Providing for primary school children to keep their places through to age 18, including children as young as five, would have meant running the scheme for another 13 years instead of the seven years to which we were committed. I do not think that anyone could genuinely take on a commitment to fund children as young as five for another 13 years, in particular because of the views we have expressed, at Second Reading and when considering earlier amendments, about the merits of the scheme.
Therefore, we decided that support should be available until primary school aged pupils could transfer to the maintained sector at a point which would not disrupt their education in the long term. We do not accept that providing for children to change schools at age 11 is unreasonable. That is what happens to nearly everyone else in the country. Half a million children change schools between primary and secondary stages. Nor do I accept that the schools that they will go to at age 11 will be inferior. There are many excellent state schools and they can cater for the more able.
Our approach is to give primary aged pupils as of right support under the scheme until age 11. We take the view that that is the sensible age to transfer to the maintained sector. Indeed, it is in their interests to transfer when most of their contemporaries are entering secondary school.
The noble Lord, Lord Peyton, appears to query the discretionary power given to the Secretary of State to allow primary aged pupils to continue to hold their places. Usually the Opposition would seek to extend such discretionary powers. I am somewhat surprised that he criticises. However, he is perfectly justified to ask under what circumstances such discretionary powers can be used. I can give the noble Lord three cases which will not necessarily be exhaustive but will give him a flavour of what can be done.
Secondly, there is the question of those who come into secondary education before the age of 11. There are some who come in at age 10; and if they genuinely enter into secondary education it would be sensible to use the discretion in their favour.
Thirdly, there is the situation where a clear promise has been given that the child should continue.
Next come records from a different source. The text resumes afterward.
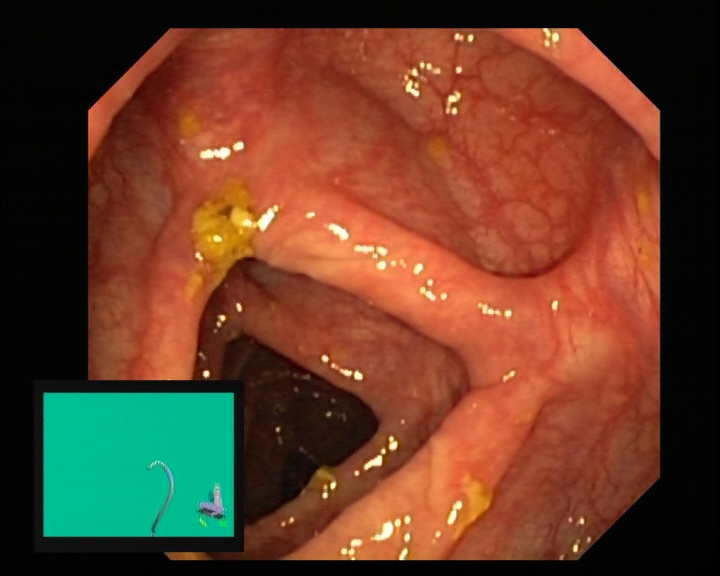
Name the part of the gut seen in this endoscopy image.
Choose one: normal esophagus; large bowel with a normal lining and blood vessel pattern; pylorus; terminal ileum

large bowel with a normal lining and blood vessel pattern
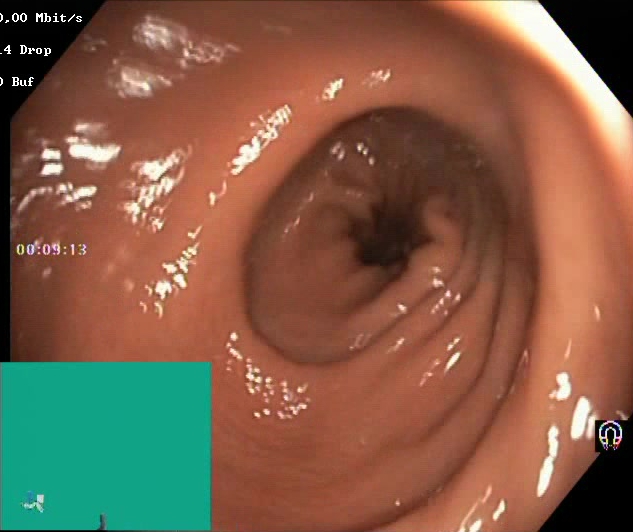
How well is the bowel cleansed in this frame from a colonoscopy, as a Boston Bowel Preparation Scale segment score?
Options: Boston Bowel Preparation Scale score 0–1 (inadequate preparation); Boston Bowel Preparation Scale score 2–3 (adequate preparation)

Boston Bowel Preparation Scale score 2–3 (adequate preparation)
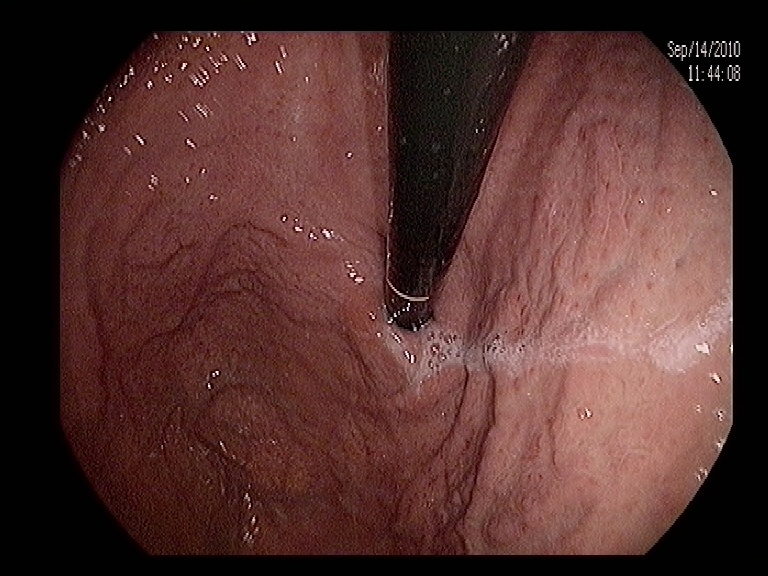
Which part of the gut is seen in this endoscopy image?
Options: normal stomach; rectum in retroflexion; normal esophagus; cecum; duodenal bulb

normal stomach
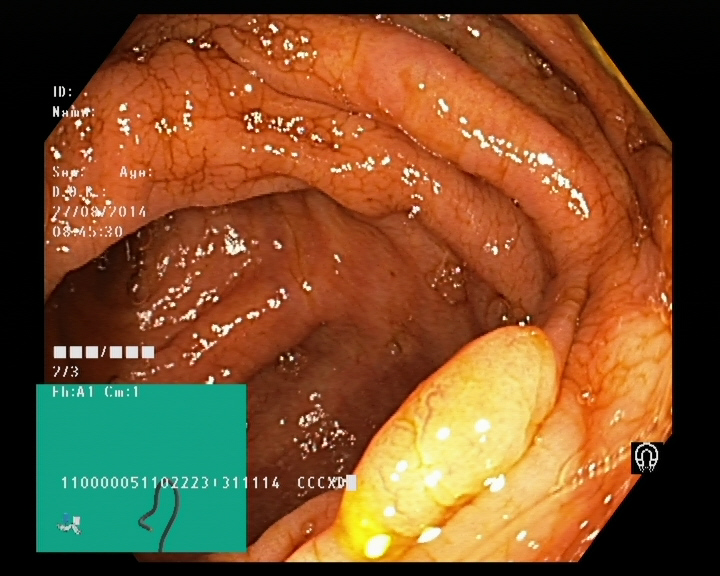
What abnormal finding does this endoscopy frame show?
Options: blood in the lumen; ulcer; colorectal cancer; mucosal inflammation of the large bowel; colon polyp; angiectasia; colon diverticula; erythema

colon polyp
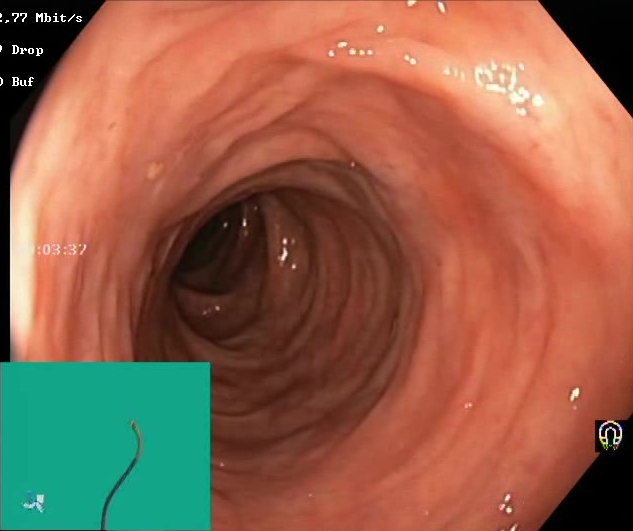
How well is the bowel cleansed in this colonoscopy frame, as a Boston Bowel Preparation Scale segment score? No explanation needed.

Boston Bowel Preparation Scale score 2–3 (adequate preparation)

I rather think that that covers the case which the noble Lord, Lord Pilkington, raises of the school with an integrated junior and senior school. The noble Lord gave what seemed to be a somewhat idealistic description of what happens in those integrated schools. I believe that he would acknowledge that even in those schools where they share all these facilities, a large number of pupils usually change school at the age of 11; they enter or leave the school at age 11. Therefore, the seamless robe which he describes is somewhat of an exaggeration. It is most unlikely that the only pupils who would change would be those who have been deprived of their assisted place, as he suggests.
Lord Henley: Before the noble Lord moves on--it is an important point--is he giving an assurance that those pupils in the schools to which my noble friend Lord Pilkington referred will be covered by the discretion that the Secretary of State has? The noble Lord speaks from the Dispatch Box. He speaks for the Government. I think that he should consider carefully what he says in answer. We want to know whether that discretion will be absolute for those pupils in all-in-one schools.